• About this exercise:
If a record below holds a picture, drop the picture and copy everything else exactly.

• The records:
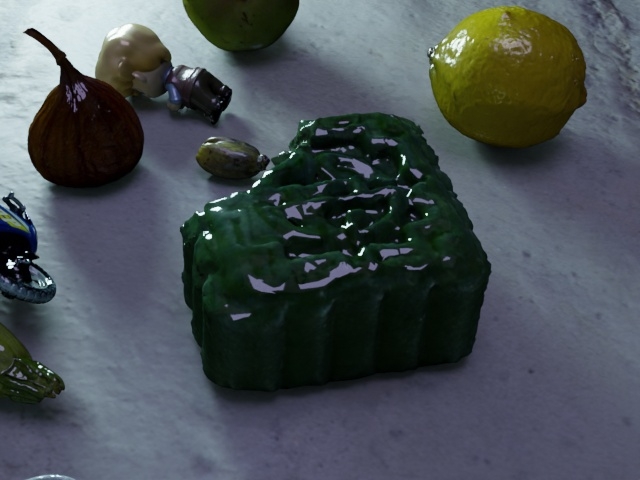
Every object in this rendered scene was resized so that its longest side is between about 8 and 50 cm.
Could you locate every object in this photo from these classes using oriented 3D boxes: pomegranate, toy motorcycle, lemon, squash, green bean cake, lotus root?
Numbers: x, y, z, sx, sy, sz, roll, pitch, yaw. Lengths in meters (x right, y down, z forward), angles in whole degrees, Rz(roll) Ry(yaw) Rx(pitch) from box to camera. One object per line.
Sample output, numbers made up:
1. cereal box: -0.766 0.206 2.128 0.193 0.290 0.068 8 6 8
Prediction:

• Response below:
Every object in this rendered scene was resized so that its longest side is between about 8 and 50 cm.
Could you locate every object in this photo from these classes using oriented 3D boxes: pomegranate, toy motorcycle, lemon, squash, green bean cake, lotus root?
Numbers: x, y, z, sx, sy, sz, roll, pitch, yaw. Lengths in meters (x right, y down, z forward), angles in whole degrees, Rz(roll) Ry(yaw) Rx(pitch) from box to camera. One object per line.
Sample output, numbers made up:
1. cereal box: -0.766 0.206 2.128 0.193 0.290 0.068 8 6 8
Prediction:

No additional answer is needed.